How to get the characters from a UTF-8 string?

900 Views Asked by At
char *w = "Artîsté";
printf("%lu\n", strlen(w));
int z;
for(z=0; z<strlen(w); z++){
    //printf("%c", w[z]);  //prints as expected
    printf("%i: %c\n", z, w[z]);//doesn't print anything
}

If I run this, it fails at the î. How do I print a multibyte char and how do I know when a I've hit a multibyte character?

2

There are 2 best solutions below

2
On

Use the wide char and multi-byte functions:

int utf8len(char *str)
{
    int len, inc;

    // mblen(NULL, 0) is needed to reset internal conversion state
    for (len = 0, mblen(NULL, 0); *str; len++, str += inc)
        if ((inc = mblen(str, MB_CUR_MAX)) < 0)
            return inc;

    return len;
}

int main()
{
    setlocale(LC_ALL, "");
    char *w = "Artîsté";
    printf("%lu\n", strlen(w));

    int z, len = utf8len(w);
    wchar_t wstr[len+1];
    mbstowcs(wstr, w, len);
    for(z=0; z<len; z++)
        printf("%i: %lc\n", z, wstr[z]);
}

You got lucky with the first printf, because you never changed the data, once you split up the chars, your output was no longer utf8.

2
On

If your execution environment uses UTF-8 (Linux, for example), your code will work as-is, as long as you set a suitable locale, as in setlocale(LC_ALL, "en_US.utf9"); before calling that printf.
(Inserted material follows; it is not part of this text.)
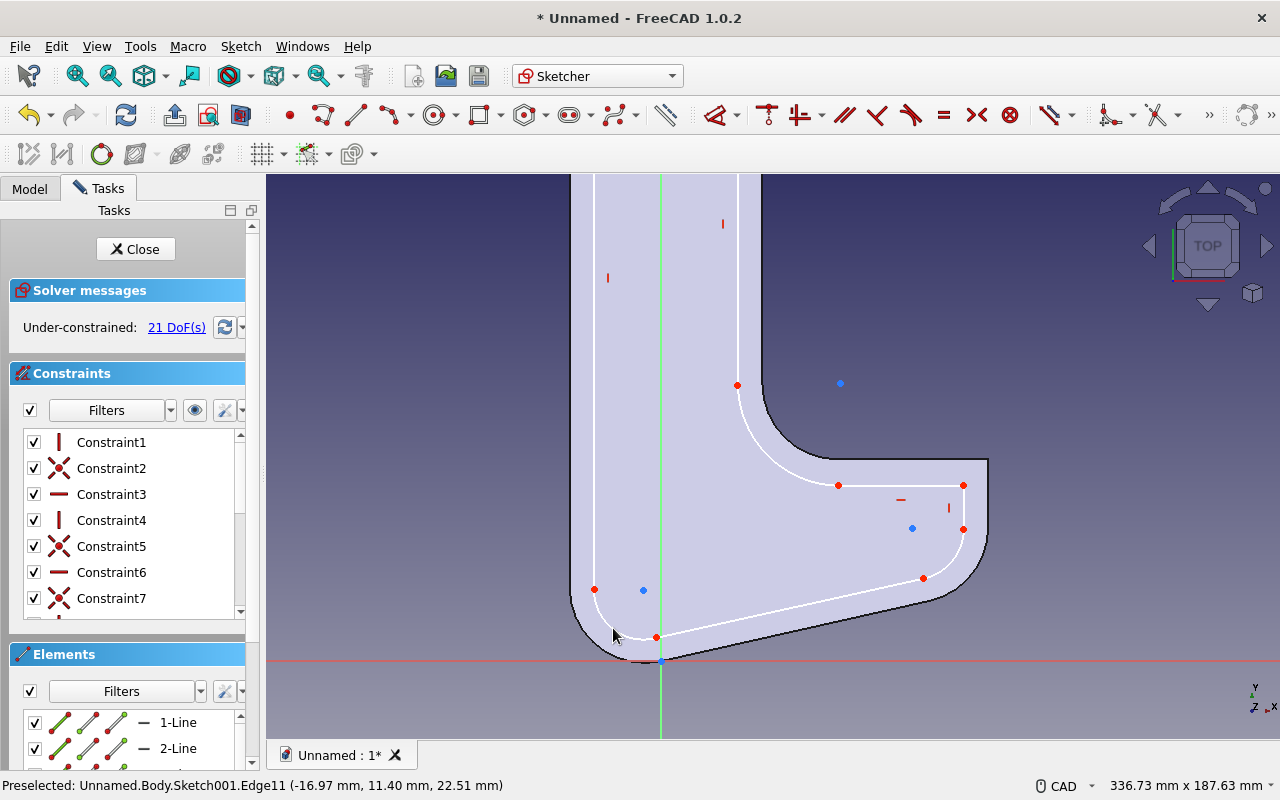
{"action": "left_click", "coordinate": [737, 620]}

demo: http://ideone.com/zFUYM

Otherwise, your best bet is probably to convert to wide string and print that. If you plan on doing something other than I/O with the individual characters of that string, you will have to do it anyway.

As for hitting a multibyte char, the portable way to test is if mblen() returns a value greater than 1.